Temporary contraindications to the appointment of exercise therapy:
- exacerbation of chronic diseases;
- complication during the course of the disease;
- intercurrent diseases of an infectious or inflammatory nature;
- acute injuries;
- the appearance of signs indicating progression of the disease and deterioration of the patient’s condition;
- vascular crisis (hypertensive, hypotonic or with normal blood pressure);
- heart rhythm disturbance: sinus tachycardia (over 100 beats/min), bradycardia (less than 50 beats/min), attack of paroxysmal or atrial fibrillation, extrasystoles with a frequency of more than 1:10.
Risk factors that may cause damage to the osteoarticular apparatus include:
- severe osteoporosis in older people, especially women;
- significant effort on the part of the patient with fragile callus after fractures of the bones of the extremities, in patients with spastic paralysis and impaired pain sensitivity.
Caution should be observed after fractures to prevent the occurrence of pseudarthrosis and arthrosis. If you have a thoracic or abdominal aortic aneurysm, you should not use exercises with force or resistance. Therapeutic exercise can be an independent method of treatment, rehabilitation and disease prevention, and exercise therapy combines well with all types of drug treatment, physiobalneotherapy, mud therapy, before and after surgery.
Means and methods of exercise therapy
Therapeutic exercise is not only physical exercise. Its remedy is any physical activity: swimming, walking, bath procedures, games for medicinal purposes. Exercise therapy is used in combination with a complex of recreational and therapeutic measures (therapeutic massage, physiotherapy, medication, diet).

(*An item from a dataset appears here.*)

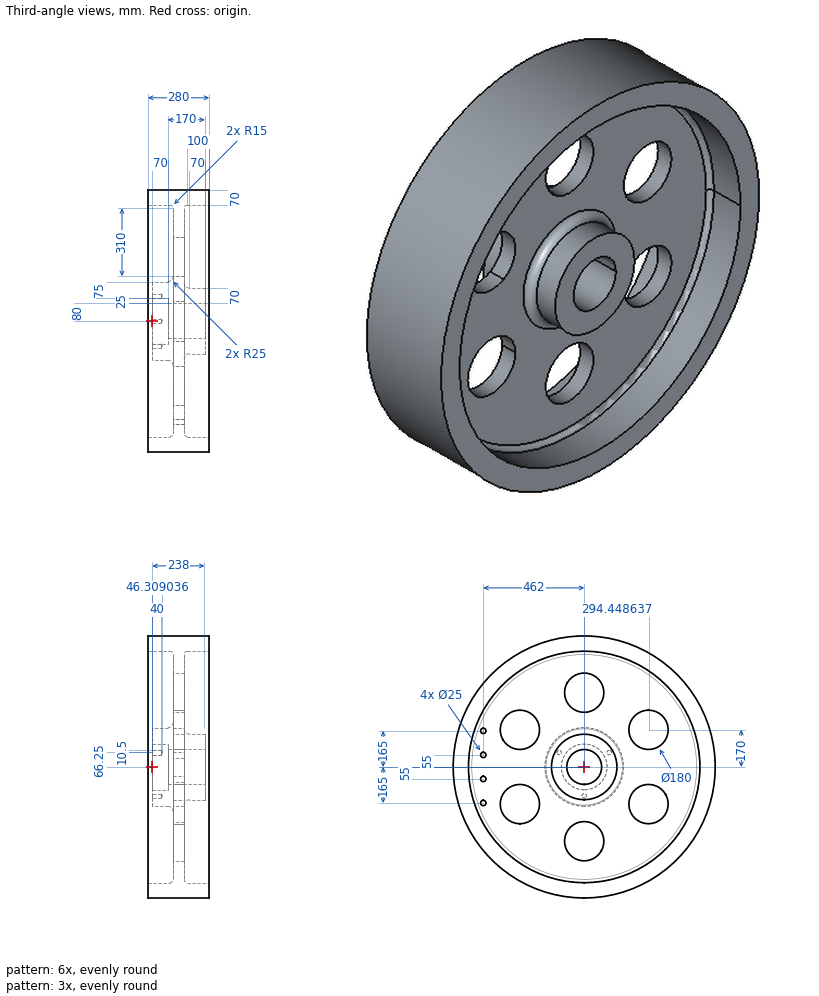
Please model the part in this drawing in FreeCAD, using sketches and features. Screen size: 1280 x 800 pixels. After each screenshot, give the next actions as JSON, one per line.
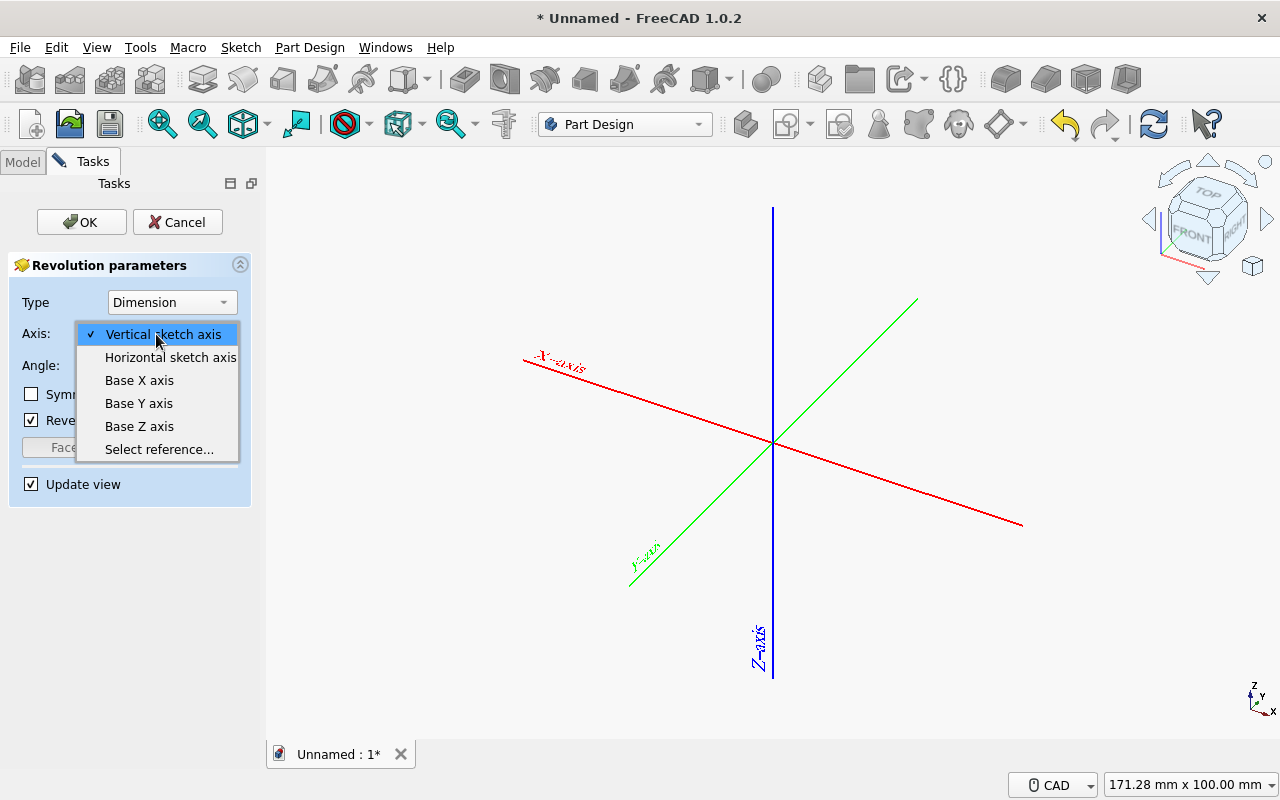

Complexes of physical exercises are divided into gymnastics, applied sports (for example, swimming, rowing, skiing), outdoor and sports games. The most commonly prescribed gymnastic exercises are in the form of therapeutic exercises. Exercises vary according to:
- anatomical principle: for the muscles of the arms, legs, respiratory organs, etc.;
- activity: active exercises are performed entirely by the patient himself. They can be free, lightened, with effort, for relaxation. Passive exercises are performed with outside help.
Acquired skills
While studying at the university, the resident will master all the skills and abilities necessary for professional activities. These include the ability to:
- assess the quality of medical care provided to athletes and athletes;
- collect and evaluate at the medical and static level information about the level of health of different age and gender groups of the population;
- apply physical therapy techniques to patients who require physical therapy;
- use natural non-drug factors for medical rehabilitation of patients;
- identify signs and symptoms of diseases in athletes, diagnose syndromes and pathological conditions;
- carry out a set of measures aimed at maintaining and strengthening the level of health of patients, creating a healthy lifestyle and preventing various diseases, etc.